Bien sûr, la construction de ces logements a été plus coûteuse que ne l'aurait été une opération classique : le coût de revient est de 1 000 £/m2 (1 500 €/m2 environ). Et pour reconstruire le quartier avec les standards du moment, il ­faudrait compter 1 500 £/m2. Mais les propriétaires s'y retrouvent : l'an passé, un appartement de 100 m2 valait 180 000 livres. Aujourd'hui, il en vaut 250 000, les acquéreurs étant prêts à dépenser jusqu'à 15 % de plus pour s'offrir un appartement écologique.

Une réussite, donc, même si Marine Jacques-Lefleve, de ZedFactory, l'agence d'architecture impliquée dans l'opération, déclare : « Si nous devions recommencer, nous le ferions, mais en mieux. Les technologies ont évolué ces dernières années, la cogénération est plus performante. On a aussi suivi bon nombre de bâtiments et appris beaucoup de choses. On ne peut nier que Bedzed a tout de même quelques défauts. Par exemple, les appartements des étages, qui chauffent un peu trop en été. Nous n'avions pas prévu le changement climatique... »

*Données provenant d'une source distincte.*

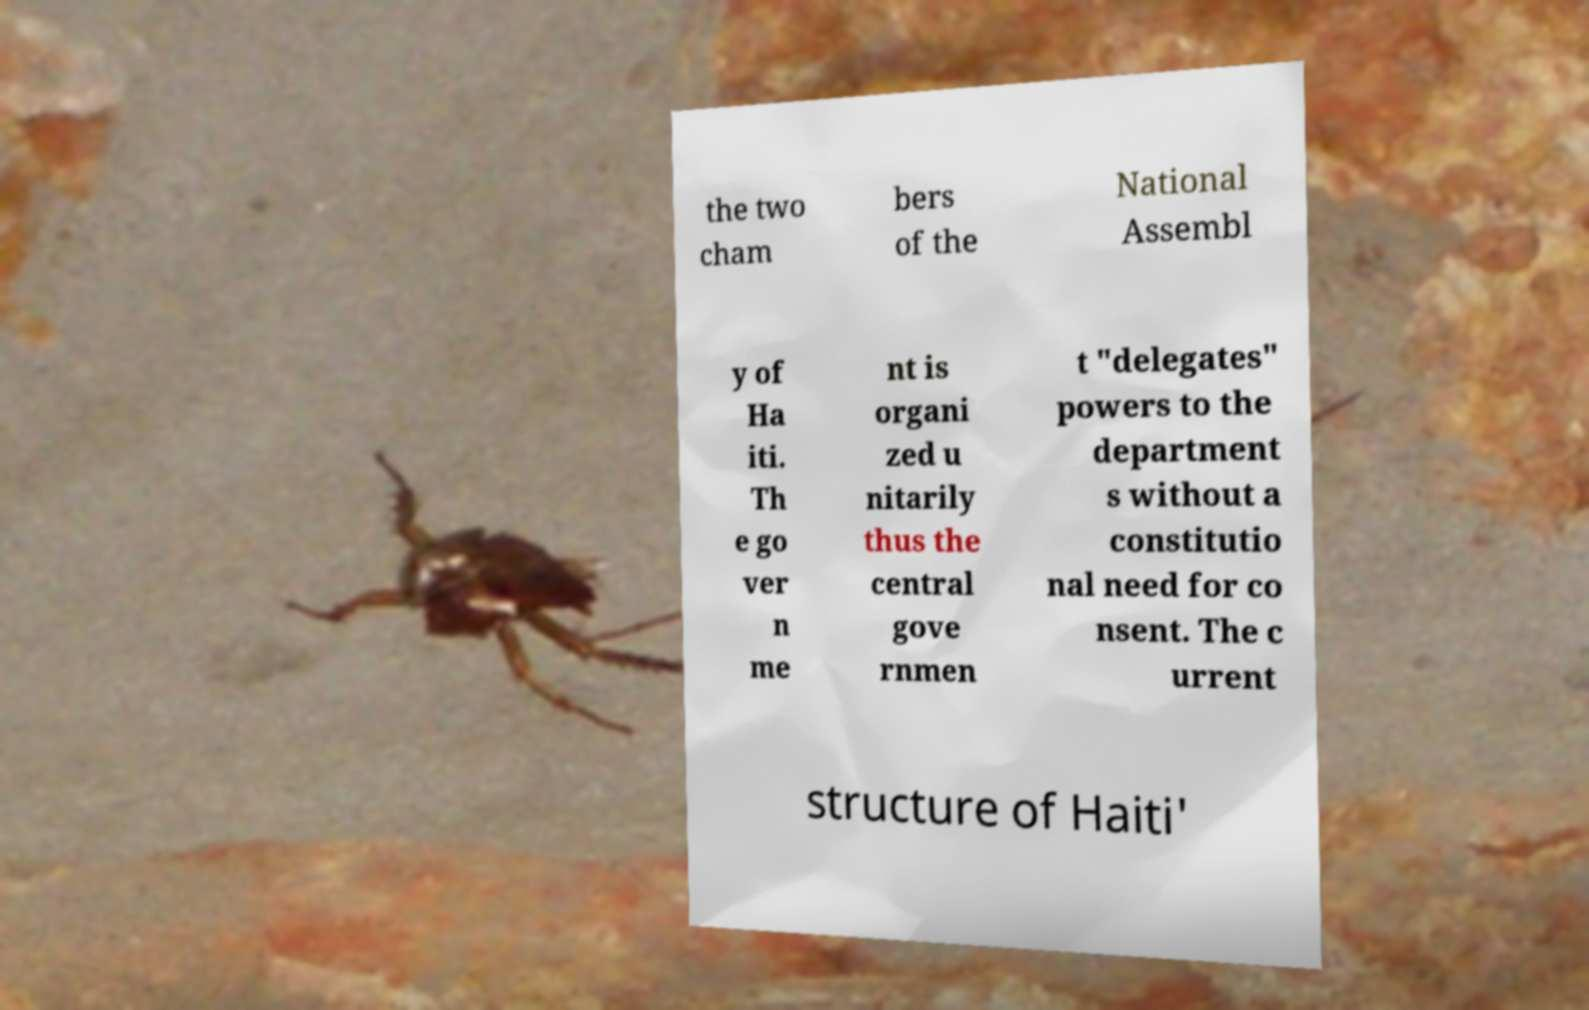Could you extract and type out the text from this image? the two cham bers of the National Assembl y of Ha iti. Th e go ver n me nt is organi zed u nitarily thus the central gove rnmen t "delegates" powers to the department s without a constitutio nal need for co nsent. The c urrent structure of Haiti'

Toujours est-il que Bedzed devrait servir d'inspiration, sinon de modèle, au programme de construction de logements prévu par le gouvernement anglais (1 million en dix ans...).

Un peu partout dans le monde

Bedzed est la plus récente des expérimentations fleurissant un peu partout dans le monde depuis une dizaine d'années. Ce n'est pas la dernière. En Europe, l'Allemagne a pris de l'avance, avec le quartier ­Vauban, dans la ville de ­Fribourg. ­Projet beaucoup plus ambitieux que celui de Bedzed, il avait pour objectif la reconversion d'un terrain de 38 hectares peuplé ­d'anciennes casernes abandonnées par l'armée française en 1992, situé à quelques kilomètres du centre-ville. En bus ou à vélo, il ne faut qu'une quinzaine de minutes pour le rallier. Cet ­écoquartier, qui a vu le jour entre 1994 et 2006, rassemble 2 000 logements et 5 500 habitants, unis autour des mêmes objectifs : constructions répondant au label "Habitat à basse énergie" (la consommation de chauffage ne doit pas dépasser 65 kWh/m2/an) et utilisation rationnelle de celle-ci (avec l'installation d'un réseau de chaleur de proximité à base d'une centrale de cogénération), mixité des emplois et des habitations, préservation de l'espace, priorité donnée aux piétons, aux cyclistes et aux transports en commun, en privilégiant les déplacements courts... Ce qui, selon les urbanistes, équivaut à moins de 700 mètres. Et pour les ­résidants devant se rendre en centre-ville, un tramway dessert le quartier depuis 2006. Quant à la voiture, elle est priée de stationner ailleurs : seuls 25 % des logements disposent d'un garage ou d'une place de stationnement, et ceux-ci ont été relégués aux limites du quartier, voire à l'extérieur, sous la forme de parkings-silos. Un choix qui permet d'économiser jusqu'à 20 % de foncier, une donnée cruciale aux abords des centres-villes.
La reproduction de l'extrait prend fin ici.